And he died—he drowned in Alaska. He was a park ranger in Alaska, and in ’89, just before they were to come home—he was coming home for the winter. He and two other guys went out on Butte Lake, which was forbidden, and they were fishing, and their boat capsized and they drowned.
Oh, my.
And then my one daughter died in 2008. So anyway, I guess I’m sure down enough.
Oh, that’s okay.
Yeah. But yeah—I make myself real busy, because we’ve been to the Air Force Museum. And I’m going to talk to Oral Roberts University on the 11th of November, and got some schools to go to and all this. So we’ll continue doing those things—get away, do them—’cause I got a houseful of 65 years of memories.
Right. So you had mentioned that—in one of the things I read—that you had a disability that you allow for or something?
Yeah, I’m—oh, I was—they classified me as 20% disability. That was automatic if you were wounded, and so I stayed on that 20% until the year 2000, and I was—I was retired then. And Al, for one, encouraging me to go to the VA [U.S. Department of Veteran Affairs]. You know, “you’re having trouble” and all that—’cause I’d been wounded twice, and so I had my records all reopened, and they went through everything and some of the hospital records they didn’t have, I had. And so they eventually classified me as 100%.
Really.
Yeah, and so I get like $2,500.00 a month—something like that from that. And then my Social Security—
Right.
So I can live as long as that keeps up, you know. I don’t have a problem. And we didn’t have hardly any pensions in the lumber industry—they didn’t have pensions. So I get $32.00 a month pension from the lumber company—
Uh-huh.
After about 30 years, 36 years, something like that, but—
That’s amazing.
They didn’t have it at that time. Most of these guys were just poor guys just forming their own company, and then they joined a block that I was working with. And so a lot of these men were just barely getting along themselves with their companies—
Right.
And so we were helping them with their companies—
Right.
And that.
2:21:10
Can we also talk about—you might not want to talk about this—your medals? Paul Andert: Oh. Interviewer: Just the— Paul Andert: Well, I got the first Bronze Star for Africa, for doing that patrol deal and leading the patrol and that—that’s what that was really for. And then I got the Silver Star for—at St. Denis le Gast for being wounded and crawling around all night with the guys, and so I got the Purple Heart at the same time for that one. And then I got the second Bronze Star at Pont Brocard, where—that happened before St. Denis le Gast.
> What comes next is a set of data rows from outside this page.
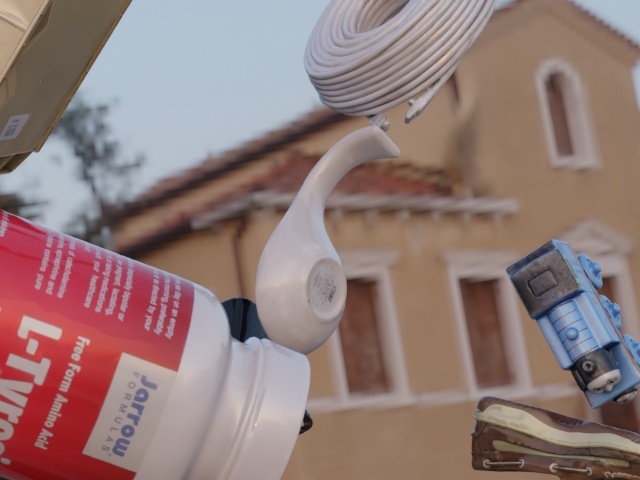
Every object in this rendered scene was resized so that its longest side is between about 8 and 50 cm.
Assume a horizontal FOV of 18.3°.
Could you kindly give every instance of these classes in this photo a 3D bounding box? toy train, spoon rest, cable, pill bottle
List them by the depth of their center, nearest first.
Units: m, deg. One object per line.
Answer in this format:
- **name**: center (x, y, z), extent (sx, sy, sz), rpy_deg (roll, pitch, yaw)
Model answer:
- **pill bottle**: center (-0.229, 0.117, 1.814), extent (0.407, 0.229, 0.229), rpy_deg (21, -19, -12)
- **toy train**: center (0.267, 0.086, 2.052), extent (0.080, 0.184, 0.105), rpy_deg (-33, -18, 22)
- **spoon rest**: center (0.000, 0.000, 2.198), extent (0.084, 0.276, 0.137), rpy_deg (1, -34, 41)
- **cable**: center (0.090, -0.256, 2.339), extent (0.089, 0.257, 0.257), rpy_deg (46, -12, -27)

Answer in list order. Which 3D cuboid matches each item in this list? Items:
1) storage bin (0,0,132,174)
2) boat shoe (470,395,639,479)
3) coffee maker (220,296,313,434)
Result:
- **storage bin**: center (-0.334, -0.194, 2.048), extent (0.260, 0.123, 0.262), rpy_deg (-56, -6, 12)
- **boat shoe**: center (0.277, 0.236, 2.062), extent (0.257, 0.095, 0.095), rpy_deg (13, -4, 26)
- **coffee maker**: center (-0.084, 0.164, 2.262), extent (0.171, 0.178, 0.120), rpy_deg (-9, -43, 12)
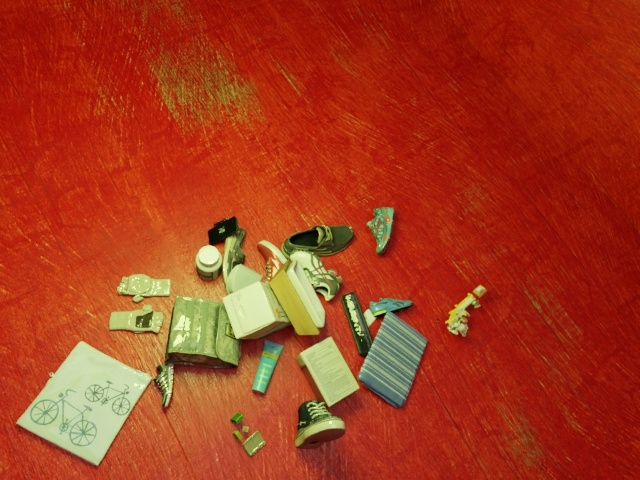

When—I had that in a book—where we set up our roadblock, we call it. And we went out, and two of us went out in front to see what’s out there, and we heard Germans out there. So right away, I had the tommy gun, so I just sprayed that area, and hearing “Ach, ach,” and all that going on, you know, and he firing his rifle. And we run back to our cannon and our roadblock—on the way back, he run a lot faster than I did. So he got there, to the gun, before I did, the antitank gun, and he fired the damn thing with me still running and the tank gun—right over here, it was—and here I’m running here, and that blast came right by me.
And it blinded me, so I was blind, and I ran into a building that was on fire, and they said they pulled me out of it. And so they got me to the radio, ’cause the company commander was on the radio, and he says, “Andert, what the hell’s going on up there?” And I says, “As soon as I can see again, I’ll tell you.” And so anyway, I was credited with bringing up two machine guns, and I laid behind them myself—I don’t know why I did this. I don’t know why. And I figured the guys protect the flanks, and I’m going to lay behind these two machine guns, and anything coming up this road’s going to get it.
And so they came, and so I had 500 rounds and a trigger on each hand just going like this, you know. And Cermak was over here firing the antitank gun every once in a while, so they gave me a Bronze Star for that. And—but anyway, one of the guys, they say, “How close did those guys come to you?” I says, “Well, the one of them fell about eight feet from me.” That’s probably the closest they got that night, but—oh, and I got to tell you this. At that same battle is when they sent a—a reporter came up, and he was from Time magazine, and I think his name was Lindsey—he was famous.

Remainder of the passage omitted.